さらに、この作品を上演するにあたり協力してくれたのが、友人のひとりで、カプコンの創業者である辻本憲三さんです。じつは、「KAMIKAZE‐神風‐」の製作には多額の費用がかかり、2億円が足りませんでした。そこで企業に協賛金を募ったのですが、辻本さんは個人として協力してくれたのです。その時は「友情のお陰」と心から感謝しました。

堀紘一の『ヒト・モノ・カネ』論 (3) お金は不幸を軽くしても、幸福を約束しない。

ちなみに彼は独特のお金の使い方をする人物で、そのひとつがワイナリー。米カリフォルニア州ナパに土地を購入し、開墾からワインの製造に着手。投じた私財は100億円以上で、2008年に初出荷された白ワイン「あさつゆ」は、2011年に米国の富裕層向け雑誌で最高のワインのひとつとして選ばれたほどです。さらに現在も別に山を購入し、フランスからブドウの苗を取り寄せ、自分の名を冠したワインを作っているようです。この話を聞いたとき「よくやるな」と思うと同時に、賢いお金の使い方だと思いました。というのも、私もそうですが、創業者なんてたいして尊敬されず、いずれその顔も忘れられます。ですが、そういったワインなら後世に残りますから。粋なお金の使い方ではないでしょうか。

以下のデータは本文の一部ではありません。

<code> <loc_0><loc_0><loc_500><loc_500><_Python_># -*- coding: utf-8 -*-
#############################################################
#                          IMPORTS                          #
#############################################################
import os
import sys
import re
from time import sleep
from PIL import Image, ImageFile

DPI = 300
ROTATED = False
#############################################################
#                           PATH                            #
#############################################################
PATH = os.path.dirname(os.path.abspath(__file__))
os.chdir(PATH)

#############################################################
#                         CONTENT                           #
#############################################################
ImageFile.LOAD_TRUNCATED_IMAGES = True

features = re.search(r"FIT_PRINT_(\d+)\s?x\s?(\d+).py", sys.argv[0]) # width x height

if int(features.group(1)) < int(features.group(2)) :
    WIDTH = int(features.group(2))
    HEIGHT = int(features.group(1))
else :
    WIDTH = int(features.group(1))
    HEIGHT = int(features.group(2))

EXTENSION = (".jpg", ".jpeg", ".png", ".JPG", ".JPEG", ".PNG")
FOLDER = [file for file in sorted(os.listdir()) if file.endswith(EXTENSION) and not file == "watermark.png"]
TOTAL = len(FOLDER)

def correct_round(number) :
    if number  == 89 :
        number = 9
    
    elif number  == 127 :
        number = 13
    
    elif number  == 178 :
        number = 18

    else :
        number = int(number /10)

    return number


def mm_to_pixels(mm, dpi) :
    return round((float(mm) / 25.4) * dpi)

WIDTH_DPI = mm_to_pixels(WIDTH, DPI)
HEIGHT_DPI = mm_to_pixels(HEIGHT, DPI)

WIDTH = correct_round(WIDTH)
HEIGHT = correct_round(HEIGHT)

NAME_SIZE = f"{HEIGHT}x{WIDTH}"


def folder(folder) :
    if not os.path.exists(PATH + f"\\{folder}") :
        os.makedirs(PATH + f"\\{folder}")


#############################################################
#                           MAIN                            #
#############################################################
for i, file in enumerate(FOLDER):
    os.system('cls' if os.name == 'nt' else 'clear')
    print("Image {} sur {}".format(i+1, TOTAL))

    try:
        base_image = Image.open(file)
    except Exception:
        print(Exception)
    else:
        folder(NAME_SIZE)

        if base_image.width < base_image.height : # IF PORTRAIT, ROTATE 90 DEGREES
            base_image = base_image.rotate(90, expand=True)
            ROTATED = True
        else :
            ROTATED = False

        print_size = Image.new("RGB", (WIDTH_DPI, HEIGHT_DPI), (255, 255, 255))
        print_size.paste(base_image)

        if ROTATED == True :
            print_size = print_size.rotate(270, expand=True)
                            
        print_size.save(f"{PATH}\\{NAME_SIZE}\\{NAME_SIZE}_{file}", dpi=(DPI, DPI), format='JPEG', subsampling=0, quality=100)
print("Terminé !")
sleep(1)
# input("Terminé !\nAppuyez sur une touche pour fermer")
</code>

評論家・ジャーナリストの田原総一朗さんも旧知の仲。30年前に知り合いましたが、いまではDIの社外取締役を11年も務めてもらっているほど。彼とは、つらい時期も励ましあって、ここまできました。

オリックスの宮内義彦さんも、10歳年上ですが友達と呼べるひとり。家族ぐるみで、私の父、息子と3代にもわたるお付き合いです。そういった縁もあり、私は今季からオリックスバッファローズのオーナー顧問を引き受け、何度も神戸に通っています。宮内さんはオリックスCEOを6月で退任するので、その後はDIの社外取締役になっていただきました。

友は心で作るのもの。だから、長続きする

私がこれまで人生をかけてきたのはビジネスで、それはいまも変わりません。「何をしている時が一番楽しいですか?」と聞かれると、真っ先に思い浮かべるのは仕事のことです。それは私の友達も同じで、宮内さんなんて「よく趣味の欄に音楽鑑賞とかゴルフとか書く人がいるけど、それじゃダメ。仕事と書かないと!」というほどです。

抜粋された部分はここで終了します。